В следующий момент ему даже показалось, что за стволами деревьев кто-то скрывается. Нет. Этого не может быть. Это ему просто показалось. Все пусто. Только он, птицы и лес, и больше ни души. Да, он не сможет вырыть достойную могилу великой книге, но хоть что-то он все-таки должен сделать. Даже малое усилие, лучше, чем ничего, луче, чем просто взять и сдаться.
И он вновь взялся за лопату. Полежи, полежи спокойно, моя дорогая, моя истерзанная книга! Я отдам тебе все причитающиеся почести, даже если мне придется рыть эту могилу всю ночь до самого утра. Я буду вгрызаться в землю до тех пор, Книга, пока не упаду обессиленный, потому что и ты стала частью меня самого, потому что «не спрашивай, по ком звонит колокол, он всегда звонит только по тебе».

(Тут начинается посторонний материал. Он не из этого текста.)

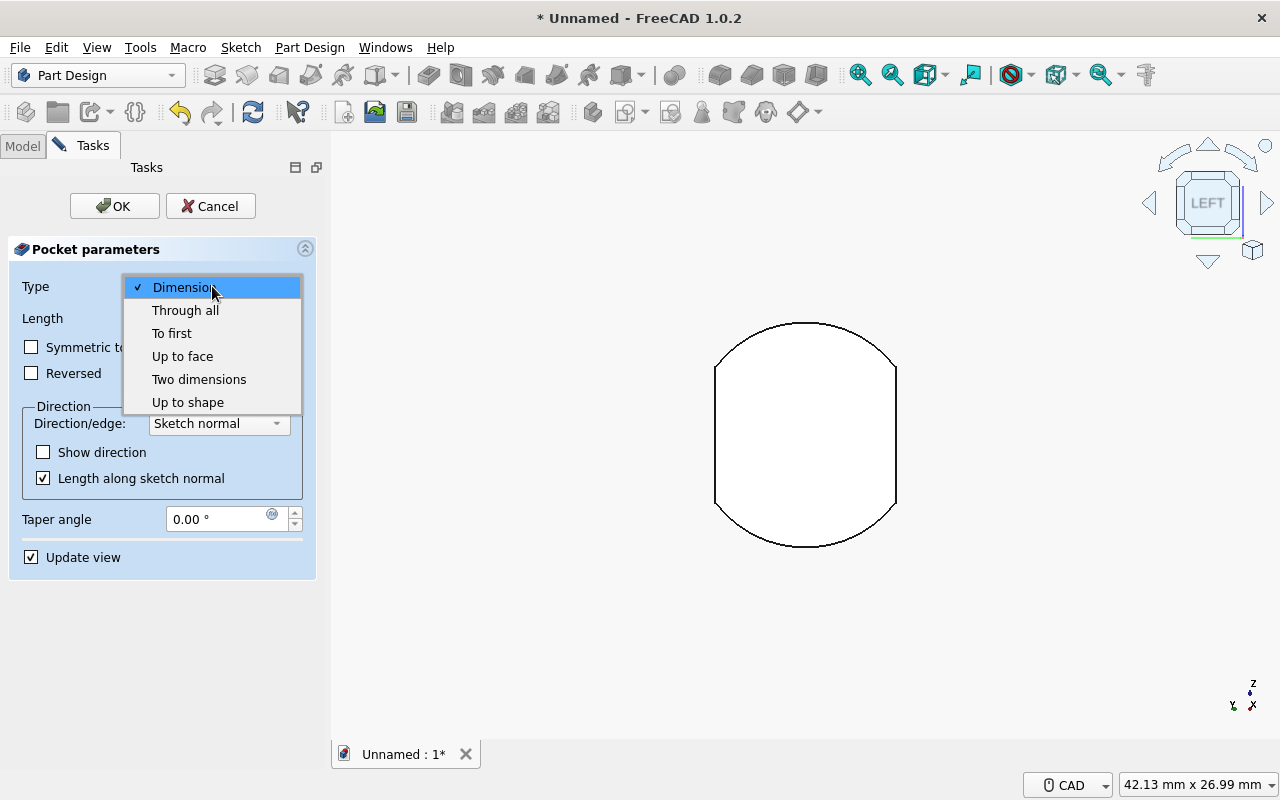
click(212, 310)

И беспрерывно повторяя еще какие-то бессмысленные фразы и разрозненные цитаты из других прочитанных им книг, он рыл могилу для «Дон Кихота» Сервантеса, забыв о времени, усталости, голоде и других нуждах собственного бренного тела. Похороны должны были состояться во что бы то ни стало. И как можно скорее! Изуродованный «Дон Кихот» больше никому не должен попасться на глаза, особенно детям. Ведь они варвары, они с легкостью могут поверить, что эта Книга уродлива и скучна, и поэтому получи удар битой, Сервантес, мы вырвем тебе кишки и кадык перегрызем своими острыми, как у хорька, молодыми здоровыми зубками. И поэтому рой, рой могилу, Учитель! Рой ее для великой и изуродованной детьми книги! Рой, чтобы ее никто больше не увидел в таком плачевном, в таком недостойном виде! А иначе конец! Иначе смерть! Иначе сама Книга начнет мстить за свое унижение и мстить жестоко!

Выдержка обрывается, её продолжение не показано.